Again, Lance fell into silence. A mosquito droned nearby. He let it land on his arm then squashed it. “You’re probably right about that. Lorraine isn’t a cruel woman. But she does tend to be… severe. She refers to the neighborhood children as brats, would prefer it if Kevin didn’t play with them.”
“Because he might see how real families live?” Gypsy asked. “Believe me, he already knows. He’s forever telling me about his friend Mickey, Mickey’s little sister, his mom and dad and the things they do together.”

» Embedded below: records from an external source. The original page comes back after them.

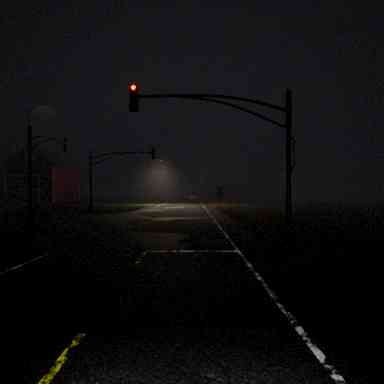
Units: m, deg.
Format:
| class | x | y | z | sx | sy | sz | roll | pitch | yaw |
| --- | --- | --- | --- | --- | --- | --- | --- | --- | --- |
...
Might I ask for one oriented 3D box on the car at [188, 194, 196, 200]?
| class | x | y | z | sx | sy | sz | roll | pitch | yaw |
| --- | --- | --- | --- | --- | --- | --- | --- | --- | --- |
| car | 0.067 | 1.242 | 86.583 | 2.097 | 1.767 | 4.553 | 0 | 0 | 0 |
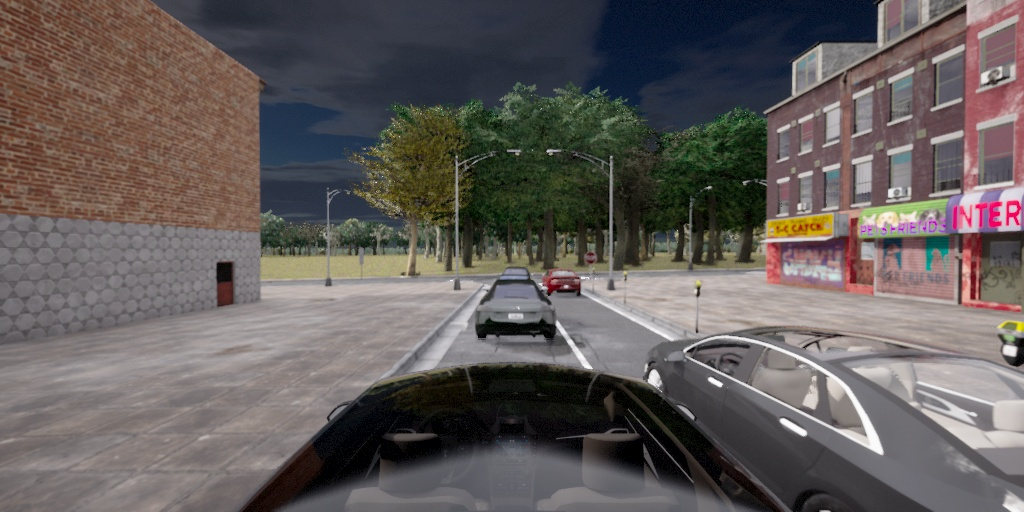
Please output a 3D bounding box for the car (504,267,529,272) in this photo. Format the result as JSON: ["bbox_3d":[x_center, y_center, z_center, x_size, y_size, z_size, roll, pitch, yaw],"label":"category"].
[{"bbox_3d":[0.284,1.344,21.469,2.033,1.411,5.357,1,0,4],"label":"car"}]

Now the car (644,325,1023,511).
[{"bbox_3d":[2.635,1.304,3.199,2.007,1.370,4.403,0,0,0],"label":"car"}]

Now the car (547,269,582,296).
[{"bbox_3d":[2.609,1.344,19.419,1.888,1.381,4.507,0,0,0],"label":"car"}]

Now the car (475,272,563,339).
[{"bbox_3d":[0.086,1.337,10.146,1.994,1.385,4.181,0,0,0],"label":"car"}]
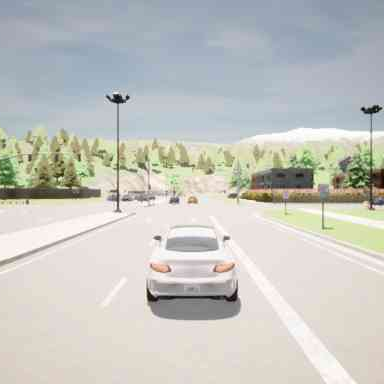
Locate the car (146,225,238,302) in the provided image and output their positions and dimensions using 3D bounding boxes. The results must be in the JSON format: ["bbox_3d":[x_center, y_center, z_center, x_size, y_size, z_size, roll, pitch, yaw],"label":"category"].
[{"bbox_3d":[0.004,1.525,8.149,1.812,1.442,4.674,0,0,0],"label":"car"}]

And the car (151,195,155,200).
[{"bbox_3d":[-11.453,1.592,93.107,1.895,1.301,4.718,0,0,0],"label":"car"}]

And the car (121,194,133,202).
[{"bbox_3d":[-14.962,1.538,76.620,2.033,1.411,5.357,0,0,0],"label":"car"}]

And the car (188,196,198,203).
[{"bbox_3d":[0.133,1.475,66.749,1.882,1.535,5.008,0,0,0],"label":"car"}]

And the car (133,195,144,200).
[{"bbox_3d":[-14.953,1.537,93.155,2.033,1.411,5.357,0,0,0],"label":"car"}]

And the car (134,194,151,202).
[{"bbox_3d":[-11.462,1.353,76.630,2.097,1.767,4.553,0,0,0],"label":"car"}]

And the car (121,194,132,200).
[{"bbox_3d":[-18.453,1.352,93.831,2.097,1.767,4.553,0,0,0],"label":"car"}]

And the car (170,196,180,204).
[{"bbox_3d":[-3.367,1.489,65.529,2.128,1.511,4.902,0,0,0],"label":"car"}]

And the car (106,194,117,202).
[{"bbox_3d":[-18.461,1.353,77.462,2.097,1.767,4.553,0,0,0],"label":"car"}]

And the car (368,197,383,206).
[{"bbox_3d":[31.297,1.545,54.176,5.357,1.411,2.033,0,0,0],"label":"car"}]
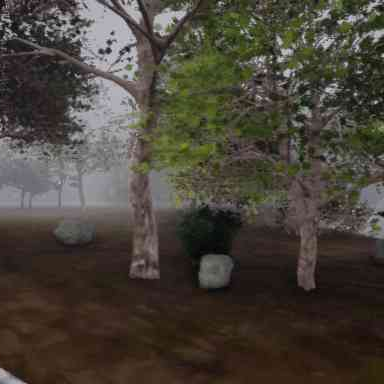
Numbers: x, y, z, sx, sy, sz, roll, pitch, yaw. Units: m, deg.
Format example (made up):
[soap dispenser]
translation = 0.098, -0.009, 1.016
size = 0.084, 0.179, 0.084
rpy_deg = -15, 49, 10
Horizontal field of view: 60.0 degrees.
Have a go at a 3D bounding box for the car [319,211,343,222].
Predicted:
[car]
translation = 10.538, 1.577, 25.184
size = 2.033, 1.411, 5.357
rpy_deg = 0, 0, 9
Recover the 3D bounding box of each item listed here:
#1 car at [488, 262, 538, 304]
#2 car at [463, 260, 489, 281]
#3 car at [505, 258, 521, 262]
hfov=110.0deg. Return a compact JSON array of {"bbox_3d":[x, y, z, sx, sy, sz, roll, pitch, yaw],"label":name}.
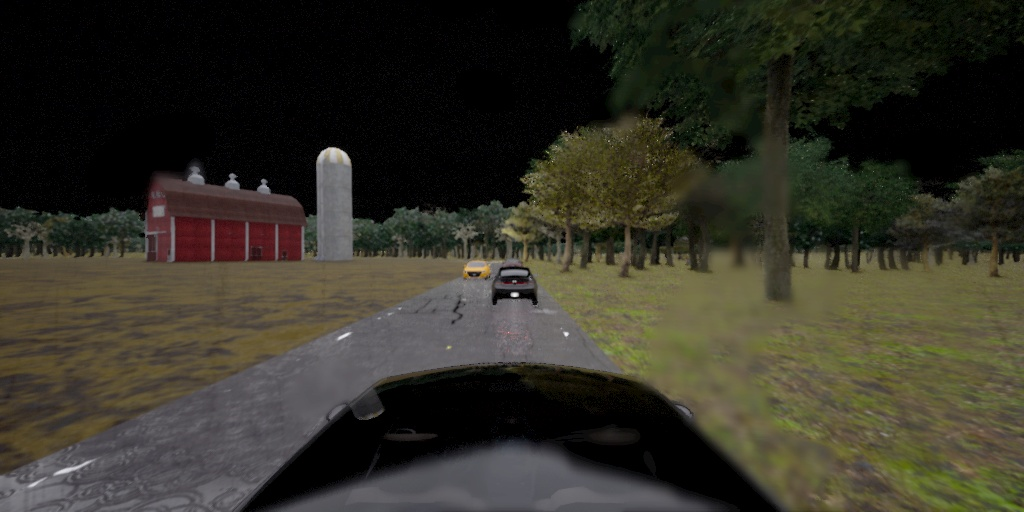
[{"bbox_3d":[0.103,1.195,15.828,1.837,1.490,4.892,0,0,0],"label":"car"},{"bbox_3d":[-2.796,1.114,29.209,1.882,1.535,5.008,0,0,0],"label":"car"},{"bbox_3d":[0.077,0.961,35.791,2.097,1.767,4.553,0,0,0],"label":"car"}]
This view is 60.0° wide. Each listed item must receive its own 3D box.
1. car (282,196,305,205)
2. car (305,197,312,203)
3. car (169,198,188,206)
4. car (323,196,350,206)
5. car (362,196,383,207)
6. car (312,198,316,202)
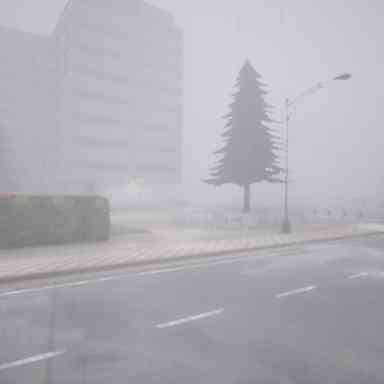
[{"bbox_3d":[25.723,2.158,84.248,1.970,1.475,3.806,1,0,-36],"label":"car"},{"bbox_3d":[28.081,2.158,85.928,1.784,1.438,3.905,1,0,-36],"label":"car"},{"bbox_3d":[-2.612,1.895,61.898,1.812,1.442,4.674,1,-1,-35],"label":"car"},{"bbox_3d":[29.792,2.094,68.603,1.970,1.475,3.806,1,0,-36],"label":"car"},{"bbox_3d":[43.501,2.036,78.485,1.932,1.855,4.605,1,0,-36],"label":"car"},{"bbox_3d":[30.239,1.976,87.528,1.932,1.855,4.605,1,0,-36],"label":"car"}]
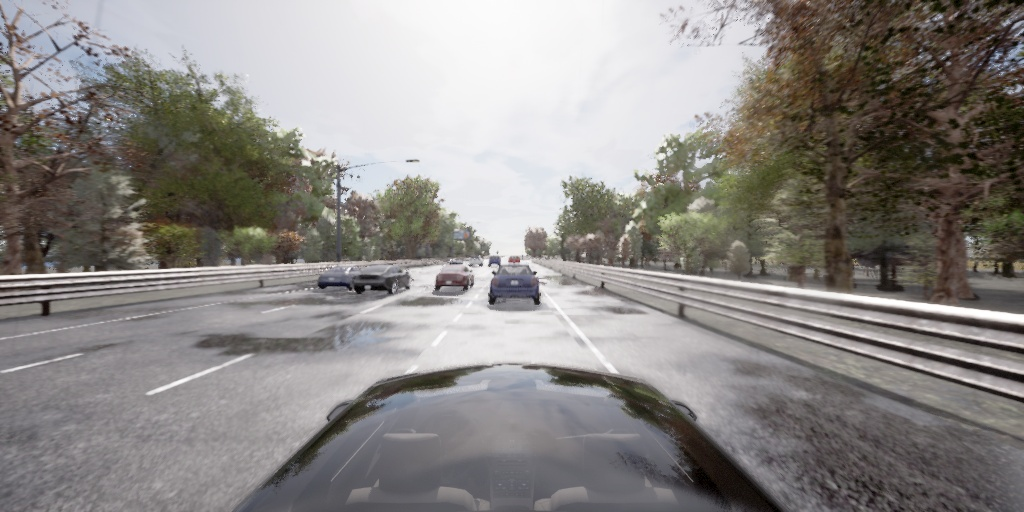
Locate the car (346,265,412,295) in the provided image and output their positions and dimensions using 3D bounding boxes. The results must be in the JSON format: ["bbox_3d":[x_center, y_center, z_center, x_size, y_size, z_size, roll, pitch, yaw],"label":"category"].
[{"bbox_3d":[-6.882,1.239,19.562,1.837,1.490,4.892,0,1,0],"label":"car"}]

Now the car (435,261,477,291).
[{"bbox_3d":[-3.377,1.256,21.536,1.812,1.442,4.674,0,0,0],"label":"car"}]

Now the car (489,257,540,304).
[{"bbox_3d":[0.110,1.086,16.491,2.097,1.767,4.553,0,0,0],"label":"car"}]

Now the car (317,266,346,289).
[{"bbox_3d":[-10.374,1.294,22.618,1.994,1.385,4.181,0,0,0],"label":"car"}]

“Then there’s only one solution I can see, Gypsy,” Lance said, sounding inordinately hopeless and defeated. “Either we quit right now, stop all this stuff, all this togetherness plan of yours, or you come home with m—us—live with us and keep us from tearing one another apart. It’s you he trusts, you he loves, as he hasn’t loved or trusted me in a long time.”
She gasped. “What?” So that’s where his thoughts had carried him. “I… I couldn’t. There’s my job! Tony! You… You simply don’t know what he’d say if I threw up my career to be a nursemaid. Why, he doesn’t want me to have a child of our own, not for years and years.”
Lance spun sideways on the step and took her face in his hands, silencing her lips with the flat of one broad thumb which then moved up to stroke with sensuous tenderness the scar on her cheek. “I’m not asking you to be a nursemaid.” His eyes glowed strangely in the dying flush of the fire. “I’m asking you to be there for Kevin. With you as intermediary, we might succeed. Without you, we’ll never get anywhere.”
“Lance…”
“I want you to be a mother to Kevin, and… and…”
A wild fluttering began inside her breast and her heart raced painfully while she waited for him to go on. “And to love him as a mother does, ” he finished in a rush, pushing his hands into her hair, pulling her closer, his lip scarcely a breath away. “I won’t ask you to be my wife, but I can ask you to go through the ceremony which, in the eyes of the world, will make it right for you to be the mother Kevin needs. He can be the child you want, the one your fiancé doesn’t want you to have. He does need you, Gypsy, and I know you love him. I know you’ll never love me, but that doesn’t matter because… Oh, Gypsy, say yes! Come home with me—us—and go on teaching me how to be a parent.”
His face was close to hers, so close she thought for one wild terrifying moment he was going to kiss her and she knew suddenly if he did she would be lost.
He slipped his hands from her hair and let them fall limply to his sides. “No… It was stupid of me to suggest that. I’m sorry, Gypsy. You have your own world… Your friends… Tony. You wouldn’t want anything I could offer any more than—”
Any more that what? she wanted to ask when he broke off. Or should that be who? Who was Kevin’s mother? Where was she?
His words echoed and reechoed in her mind as she stared into his face, searching for she knew not what, but his eyes were shuttered, introspective, lids half lowered to make his expression unreadable. I won’t ask you to be my wife… I know you’ll never love me but that doesn’t matter because… Because he had no love in him to return? It hurt terribly to know that, because if he were incapable of loving a woman, how could he ever learn to love his child?
Above all Gypsy wanted Kevin to have the same kind of love she and that other Kevin had enjoyed as children, because, despite the tension between their parents, she’d known she and her brother were both loved. What good was it to have found him again, reincarnated in this little Kevin, if he was going to turn out so differently?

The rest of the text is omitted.